Updated: Jan 28, 2022

Hosted by Mobius Gallery, Bucharest 

Artists: Monira Al Qadiri, Anca Bucur, Chlorys, Bogdana Dima, Adrian Ganea,

Maria Guță, Nona Inescu, Katja Novitskova, Simina Oprescu, Jenna Sutela

Exhibition dates: 15 September - 15 October 2021

Exhibition opening: 15 September, 5 pm - 9 pm





Living Content is pleased to present ‘Under Pressure’, a project supported by Mobius

Gallery , that brings together ten visual and sound artists that consider through their

practices narratives of transformation in a time of intensifying mass extinction. Launching in

Bucharest, Romania, the project’s main strategy is to focus on locality and to engage a web of local and international relations and narratives, outside of the familiar contemporary art

epicenters. 

 

With the largest surface of virgin forests, Romania is Europe’s last bastion of biodiversity,

but it currently faces unprecedented ecological challenges. As a developing country ripped

apart by corruption, its economic interests are often falsely depicted in a conflicting

relationship with the protection of natural areas. The current and ongoing concerns include

the uncontrolled exploitation of forests, extensions of surface mining, over-exploitation of

non-renewable resources, fish-poaching in the Danube Delta, and the explosion of

populations of invasive species that result from both climate change and human

interventions. Human development and welfare are interconnected in complex and

sometimes unpredictable ways with these ecosystems. While this is hardly news, when it

comes to scientific data and statistics about the climate crisis, the majority of us barely know

how to process this information, let alone transform it into action.

 

To quote Timothy Morton: “All art is ecological”. Using art as an interpretation of reality

might prove to be a useful way, even a coping strategy, to grow ecological awareness and to

better equip us to experience the uncanniness of the fact that we find ourselves at the edge of a sixth extinction, unknowingly and unwillingly set in motion by the Neolithic Revolution.
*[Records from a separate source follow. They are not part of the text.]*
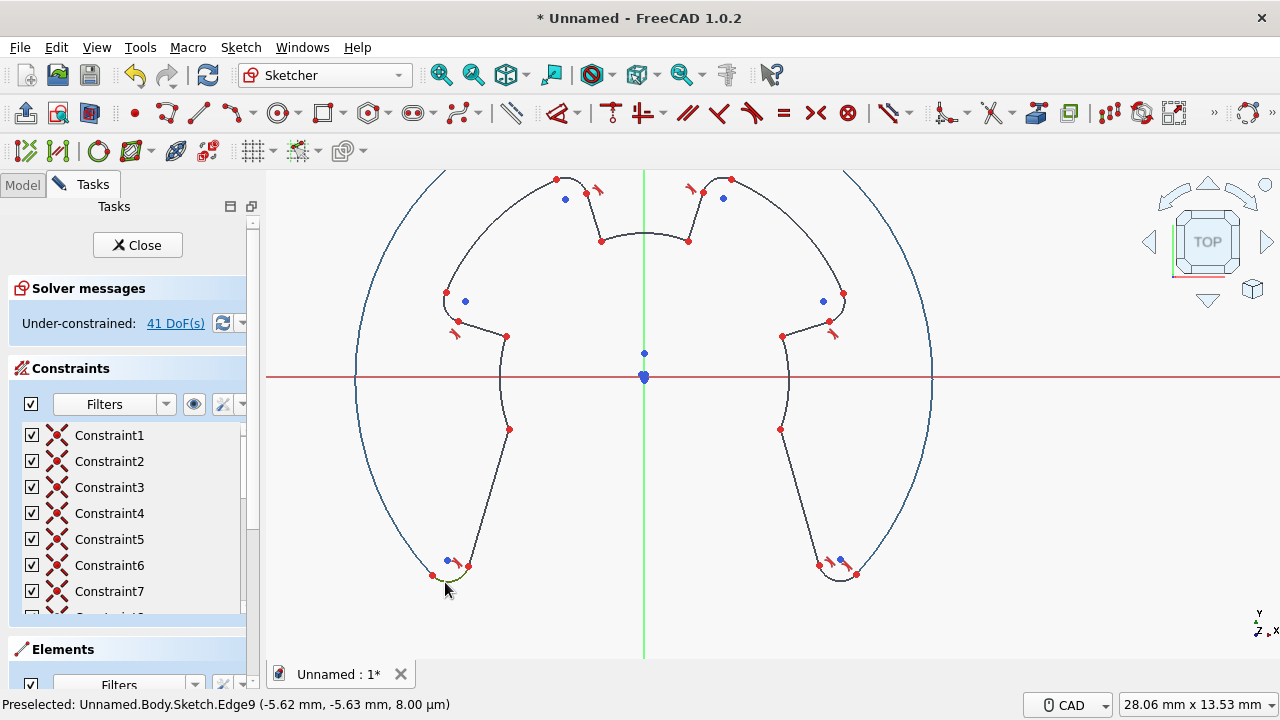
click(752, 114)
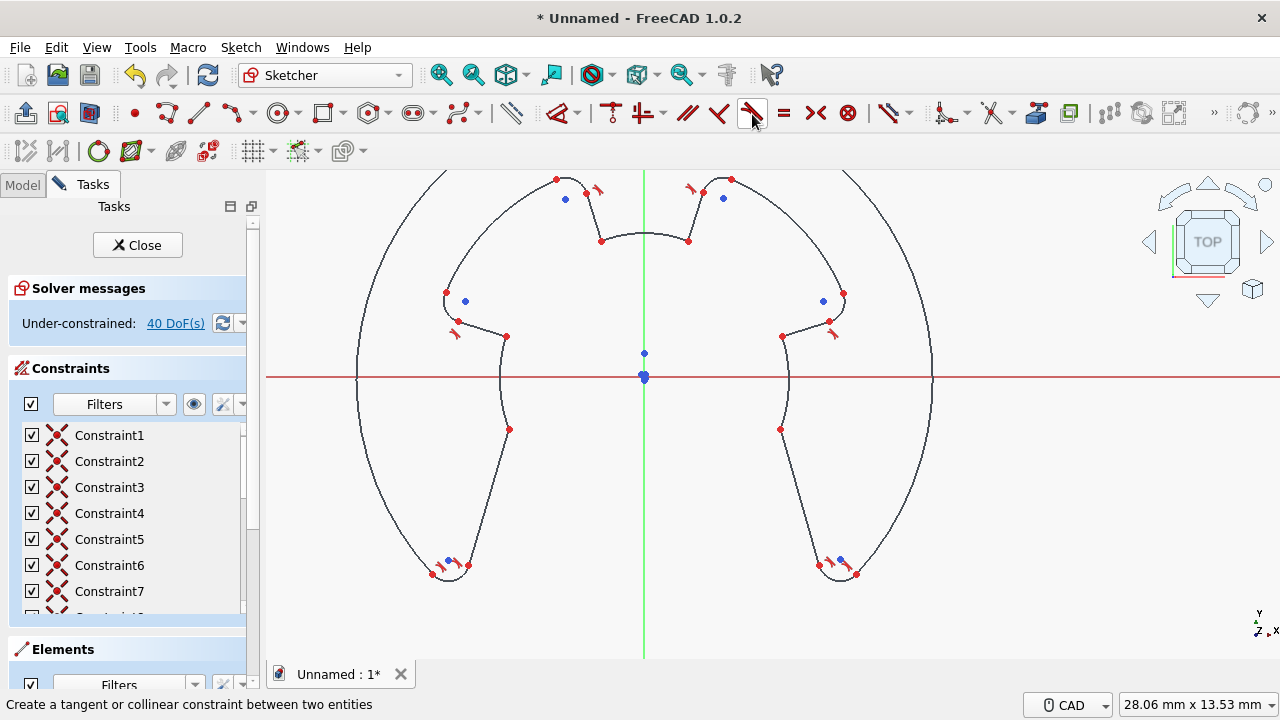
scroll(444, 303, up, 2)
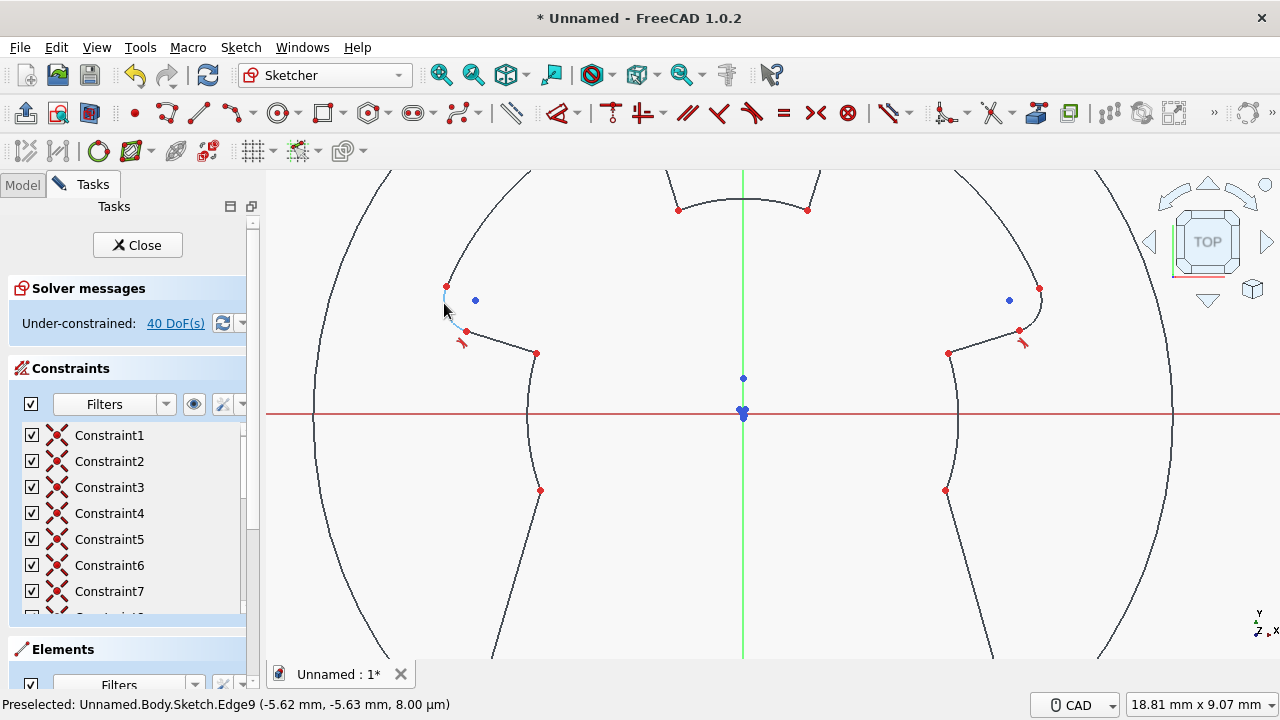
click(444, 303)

Thus, Under Pressure is a project that does not pretend to offer solutions as ecological

practicums; it rather conceives itself as a collection of poetic explorations that look into a

potential reconciliation with what it means to be human in the age of climate crisis.
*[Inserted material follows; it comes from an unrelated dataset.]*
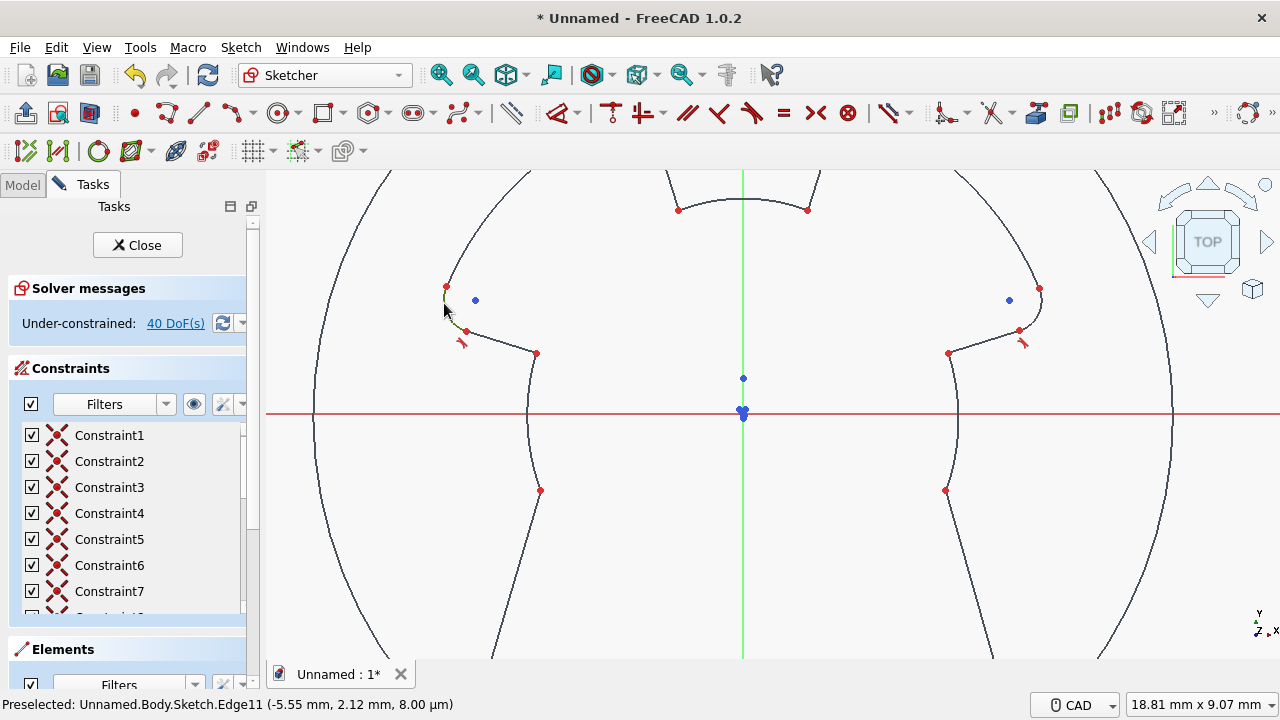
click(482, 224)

Following and researching the evolution of technological development, some of the artists

included in this project propose new frameworks for a better understanding of the times we

live in, while others deconstruct ideological narratives, focusing instead on capturing the

lyrical materiality of the world. Altogether, through storytelling, the artists included in the

exhibition contribute to the project’s goal: that is to germinate a mind of curiosity locally and

internationally and to practice reimagining the multitude of different ways of being in the

world.

 

The project is composed of an exhibition hosted by Mobius Gallery in

Bucharest, an online platform created by Wednesday Studio, and public

programming that cross-pollinates the project’s online and offline

environments throughout September and October. 

 


Living Content: Under Pressure is founded and curated by Adriana Blidaru and co-

curated by Tatiana Moise. 

Find out more:

https://underpressure.livingcontent.online/ 

www.facebook.com/mobius.contemporaryartgallery

www.instagram.com/mobiusgallery/

www.instagram.com/livingcontent_online


Media partners: Scena9, DOR, Revista Arta, Kajet, Observator Cultural, Radio România

Cultural și Cultura la dubă, Greenpeace, Asociația Kontakt

The project is co-funded by the Administration of the National Cultural Fund* and the

Romanian Cultural Institute New York. Proudly supported by Goethe-Institut Bucharest.

 

*The project does not necessarily represent the position of the Administration of the National Cultural Fund. AFCN is not responsible for the content of the project, nor for how the results of the project might be used. These are entirely the responsibility of the beneficiary of the grant.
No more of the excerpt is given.